If we can’t be Batman anymore, how about a game in which you get to play as one of the villains? A sort of GTA meets Arkham in which you commit crimes to get more money so you can get better gear to finally take on Batman. Deathstroke would get better weapons, Bane would get better versions of his serum, Joker, more lovely and deadly gadgets, of course! How much fun would that be, running around as Joker, just trying to make people smile!?! The joke would be that when you finally go to confront Batman in the end, he’s already dead. I think the Joker would just die laughing.

And if Batman is really dead in the Arkham universe, make a game about how some villain made a clone of him from a hair that Catwoman stole or something. Maybe they even used some futuretech to copy his brain patterns. But, of course, clone Batman, or Batclone, escapes before the process is complete.

You play as the Batclone, trying to master your copy/pasted engram-based abilities and recover your memories so you can be Batman again. Like every time you defeat a villain, you get to recall some important foundational memory. All sorts of existential questions can be raised as you punch and kick every hoodlum in Gotham to discover not only your identity but the identity of the mysterious villain who brought you back, or created you, depending on your philosophical point of view.

It turns out that it’s all a convoluted conspiracy in which Alfred (disguised as the sinister Mr. Crook) somehow convinced the greatest criminals in Gotham that they needed Batman back to preserve the status quo. Otherwise, Mr. Crook reasoned, the Justice League would take over watching over Gotham. And Penguin, Riddler, and the rest of that crowd realized quickly they would have little chance of going up against the likes of Superman and Wonder Woman. So, the villains marshaled their resources to make a Batclone that would fool the Justice League into thinking that Batman was still around. But this new Batman would secretly work for this new Deep Crime Council.

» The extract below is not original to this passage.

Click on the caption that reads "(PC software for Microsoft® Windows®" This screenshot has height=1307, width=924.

Of course, the Joker couldn’t resist tearing it all down and was the one to set the Batclone loose. Quote the Joker explaining his rationale to the Batclone; “Oh, Bats what a lovely pair we make! How could I not reboot the franchise? Think of the profit margins, Bats! The merchandise! No? How about the kids? Think of the kids. Who will make them smile when we’re gone? Hahaha…” 

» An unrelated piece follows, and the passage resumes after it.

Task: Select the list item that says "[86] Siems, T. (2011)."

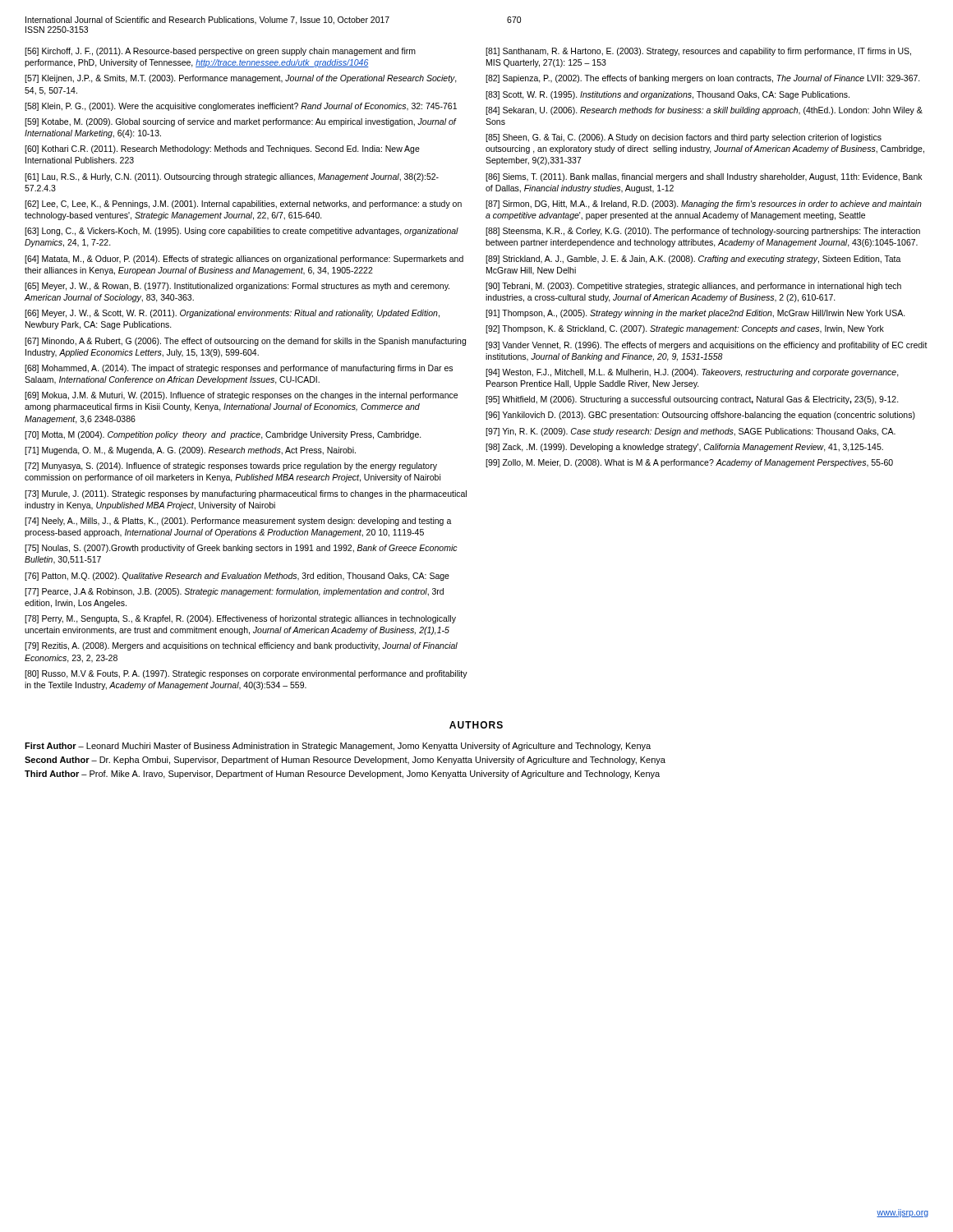Action: click(704, 182)

I do love punching the Joker to make him shut up. Any Batman game should have a mini-game in which Joker thinks Bats is tied up or sedated, but really, he’s just holding out to hear Joker spill his latest plan. The mini-game would be to hold out from pressing that punch button as long as you can, as Joker gets more and more annoying. I may be blocking this memory but something like this may have happened in one of the Arkham games. If it did, it scarred me so deeply, I erased the conscious memory of it. Damn you, Joker, even through the seemingly innocent conveyance of a video game you manage to spread your insidious brand of madness. Ah, whatever, it’s pretty funny if you don’t think about it. Aha… Ha… AHaHaaaHaahha!